Decode a Network Packet Hex Dump

2025-07-20

Introduction

In this post, we will walk through each step of converting the raw hex dump of a captured network packet into meaningful human-readable data. By the end of this post, you will be able to analyze a network packet capture hex dump like the following to identify each part of the packet and extract useful information from it:

00 00 00 00 00 00 00 00 00 00 00 00 08 00 45 00
00 22 94 ef 40 00 40 11 a7 d9 7f 00 00 01 7f 00
00 01 ce 47 15 30 00 0e fe 21 68 65 6c 6c 6f 0a

Consequently, you will understand how popular network forensics tools such as Wireshark and tcpdump are able to display network traffic captured from the wire in a human-readable form.

Outline

  1. Setup a network listener
  2. Capture network packets
  3. Analyze captured packets

Prerequisites

I encourage you to follow along with me in this post and perform the following steps on your own machine for a deeper understanding. I will be using an Ubuntu 24.04 virtual machine. You can use any popular Linux distribution or Windows Subsystem for Linux (WSL).
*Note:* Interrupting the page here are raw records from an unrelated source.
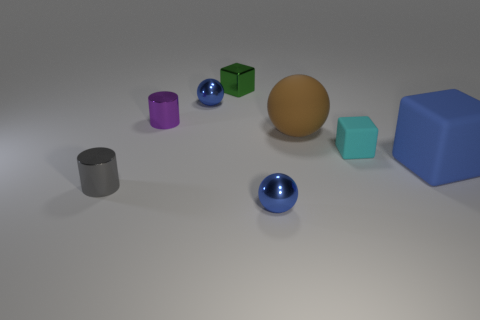The blue matte cube is what size?
Give a very brief answer. Large. There is a metal block; is its color the same as the metal sphere that is behind the large brown matte sphere?
Your answer should be very brief. No. How many other things are the same color as the metal cube?
Your response must be concise. 0. Is the size of the object that is on the left side of the purple cylinder the same as the metallic ball that is right of the small metallic cube?
Your answer should be compact. Yes. The metal cylinder in front of the small purple shiny cylinder is what color?
Make the answer very short. Gray. Are there fewer blue matte blocks that are in front of the big block than large brown balls?
Provide a succinct answer. Yes. Is the material of the small purple cylinder the same as the brown sphere?
Offer a terse response. No. What size is the other matte object that is the same shape as the large blue matte object?
Offer a very short reply. Small. How many objects are metal objects in front of the tiny gray cylinder or small metal balls in front of the tiny purple thing?
Provide a succinct answer. 1. Is the number of small metallic cylinders less than the number of green cylinders?
Offer a terse response. No. 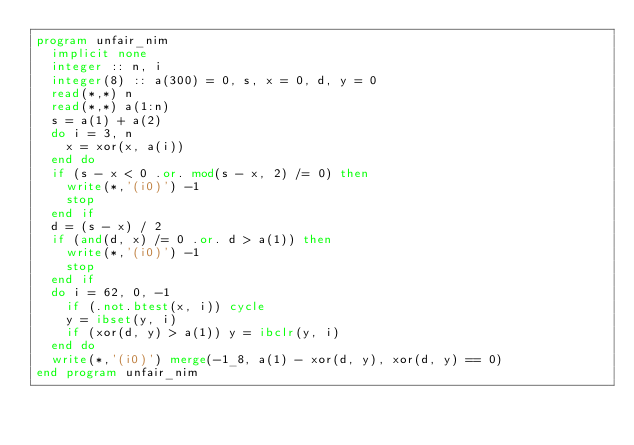Convert code to text. <code><loc_0><loc_0><loc_500><loc_500><_FORTRAN_>program unfair_nim
  implicit none
  integer :: n, i
  integer(8) :: a(300) = 0, s, x = 0, d, y = 0
  read(*,*) n
  read(*,*) a(1:n)
  s = a(1) + a(2)
  do i = 3, n
    x = xor(x, a(i))
  end do
  if (s - x < 0 .or. mod(s - x, 2) /= 0) then
    write(*,'(i0)') -1
    stop
  end if
  d = (s - x) / 2
  if (and(d, x) /= 0 .or. d > a(1)) then
    write(*,'(i0)') -1
    stop
  end if
  do i = 62, 0, -1
    if (.not.btest(x, i)) cycle
    y = ibset(y, i)
    if (xor(d, y) > a(1)) y = ibclr(y, i)
  end do
  write(*,'(i0)') merge(-1_8, a(1) - xor(d, y), xor(d, y) == 0)
end program unfair_nim</code> 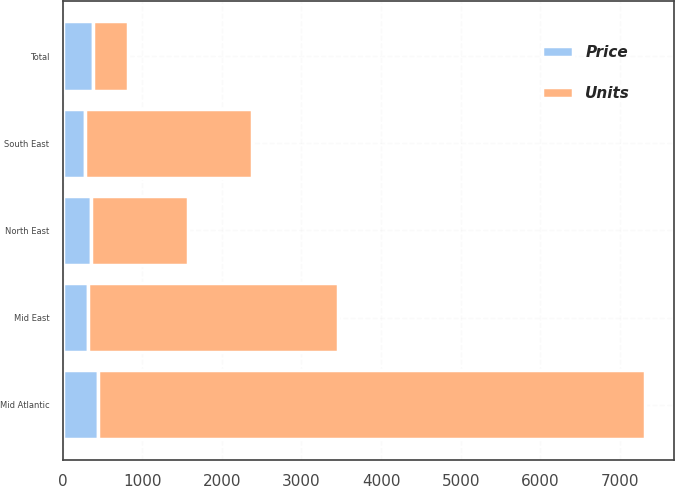<chart> <loc_0><loc_0><loc_500><loc_500><stacked_bar_chart><ecel><fcel>Mid Atlantic<fcel>North East<fcel>Mid East<fcel>South East<fcel>Total<nl><fcel>Units<fcel>6879<fcel>1221<fcel>3137<fcel>2089<fcel>439.2<nl><fcel>Price<fcel>439.2<fcel>353.9<fcel>323.5<fcel>284.9<fcel>379.9<nl></chart> 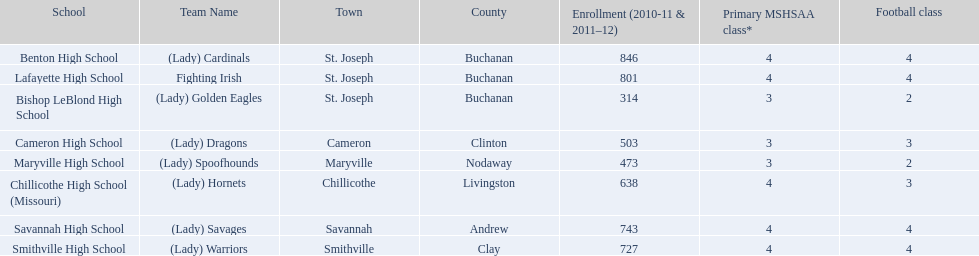Which schools are in the same town as bishop leblond? Benton High School, Lafayette High School. 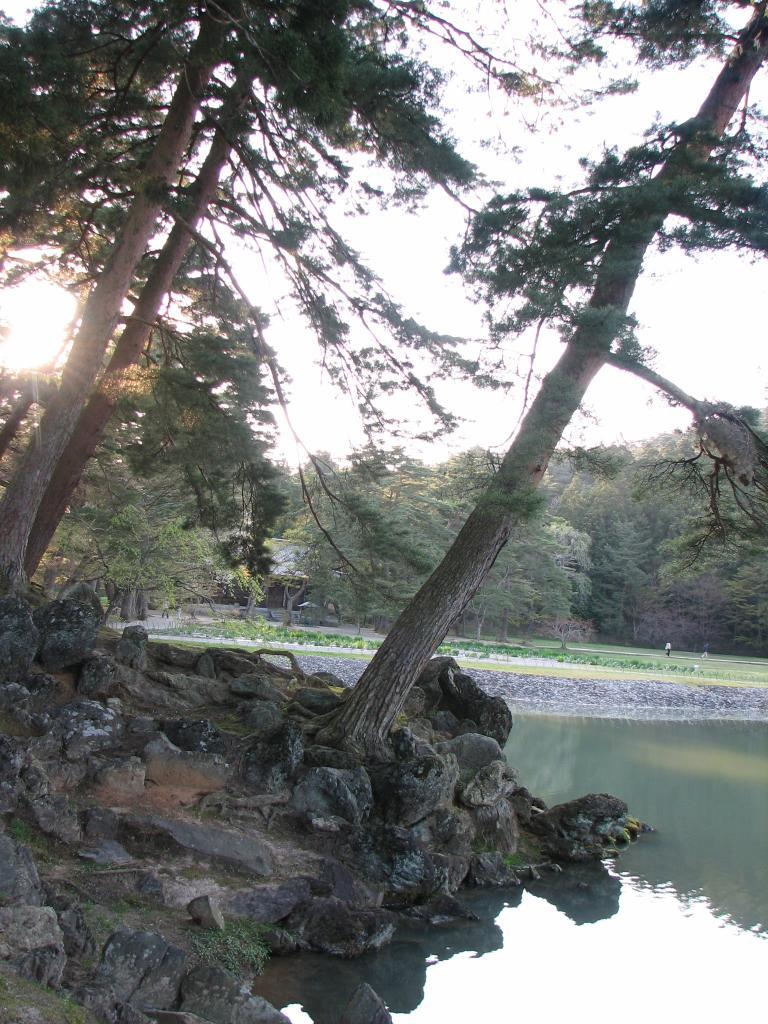What type of vegetation is on the left side of the image? There are trees on the left side of the image. What else is present on the left side of the image? There are stones on the left side of the image. What can be seen on the right side of the image? There is water on the right side of the image. What is visible in the background of the image? There are trees and the sky visible in the background of the image. What type of system is being used for the activity in the image? There is no activity or system present in the image; it features trees, stones, water, and a sky background. What body of water is visible in the image? There is no body of water visible in the image; it features water on the right side, but it is not specified as a body of water.

Familiarity with Bash and TCP/IP networking concepts is a plus. If you are new to TCP/IP networking concepts, I recommend these two playlists:

Setup UDP Listener

Setting up a User Datagram Protocol (UDP) listener in Linux is very easy, as its just one command:

nc -nuvl 127.0.0.1 5424

Flags summary:

After executing the above command, you should see some output like this:

Bound on 127.0.0.1 5424

In a separate terminal session, you can confirm that the listener is working properly via this command:

ss -ntplu | grep 5424

Example output:

udp   UNCONN 0      0           127.0.0.1:5424      0.0.0.0:*    users:(("nc",pid=2472,fd=3))

Capture Network Packets

Now that the network listener is set up, we need to send some packets to it. Before doing that, we’ll use a network tool called tcpdump to capture the packets and save them to a file.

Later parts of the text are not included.